お客様の「美味しい」のために、時代のニーズに合わせた肉を育てる
豚肉は牛や鶏に比べ、ブランドの差別化は餌によるところが大きいそうだ。秋元さんは「神戸牛や前沢牛、名古屋コーチンなど牛や鶏は血統や品種が重んじられますが、豚肉は餌にフォーカスされがちです。もちろん飼料は重要ですが、肉の秋元では血統遺伝や品種による良肉質の探求に力を入れています。黒毛和種や短角牛、ジャージー牛のように」と話す。
驚くことに肉にも流行り廃りがあり、柔らかな肉質のもの、赤みにサシが多く入っているものなど毎年のように変化があるという。秋元さん自慢の白河高原清流豚はラージホワイト種とバークシャー種の間に生まれた豚にデュロック種をかけ合わせた三元交配豚。肉に甘みがあり脂もくどくないという。「マイナーチェンジを繰り返し、今があります。この掛け合わせは抜群に美味しいと思います」と秋元さんは胸を張る。
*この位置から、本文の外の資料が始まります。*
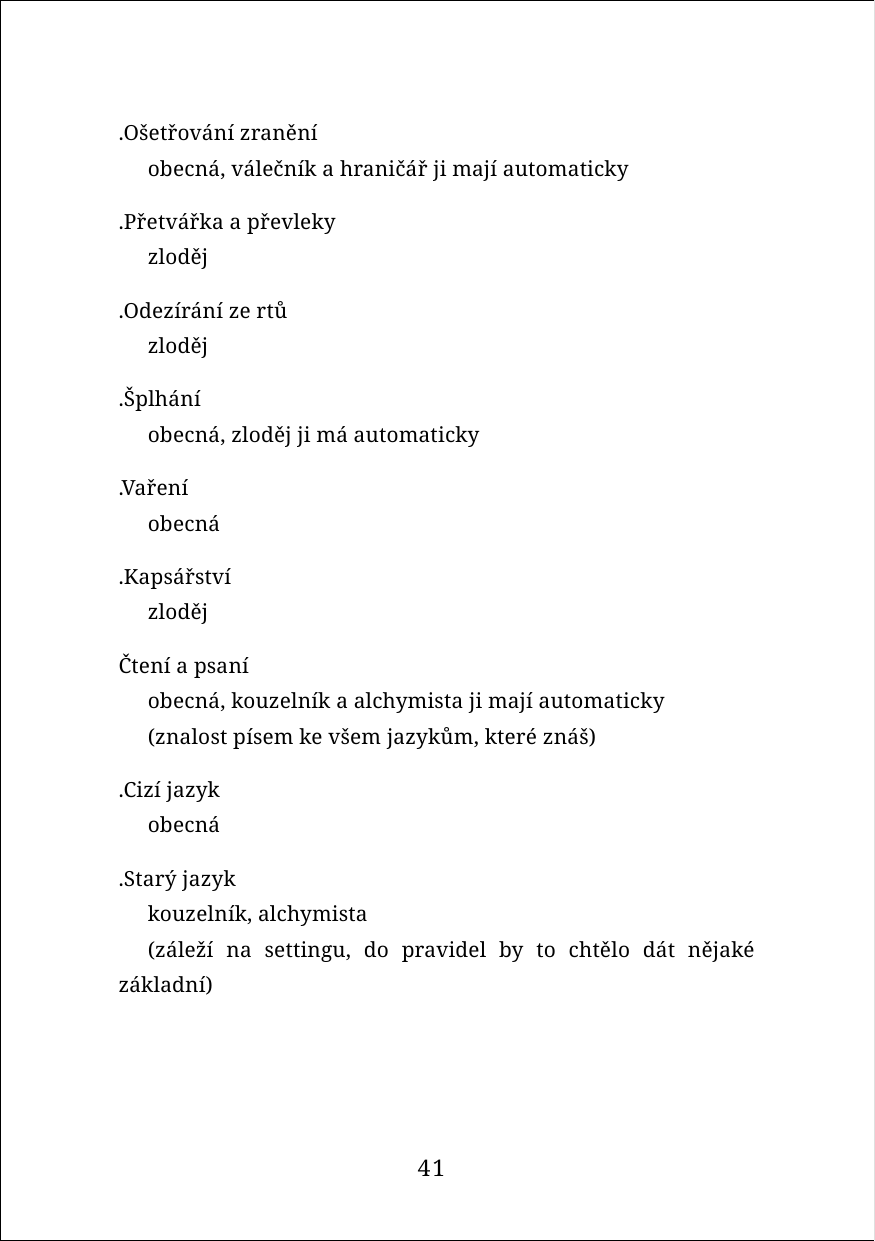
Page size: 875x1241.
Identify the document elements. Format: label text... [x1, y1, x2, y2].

とにかく食べて美味しいと思ってもらえる豚を育てる。そうすることでうちの店も白河のことも知ってもらえるようになる。白河高原清流豚を通し、秋元さんの地元愛が伝わってくる。
近い将来実現する?豚を中心とした地域活性化プロジェクト
秋元さんに今後やってみたいことについて聞いてみると「持続可能な循環型の養豚」と「豚を中心とした観光農園」を実現したいという。「うちの養豚場では餌に米を使っているのですが、その米づくりから始めたいですね。田んぼがあって一面に豚たちを放し飼いに、もう一面は米を育てる。実った米は豚の餌になり、豚の排泄物は田んぼの肥料になる。それがサイクルとして回っていく。もう一つは養豚体験やソーセージ作り体験などができる観光農園ですね。そこでは肉はもちろんソーセージ作り体験や地域で生産された野菜の販売などを行います。バーベキューの施設もあれば、若者や家族連れなどにも来てもらえるようになるのではないでしょうか。事業を通して地域の雇用も創出できれば最高ですね」と秋元さん。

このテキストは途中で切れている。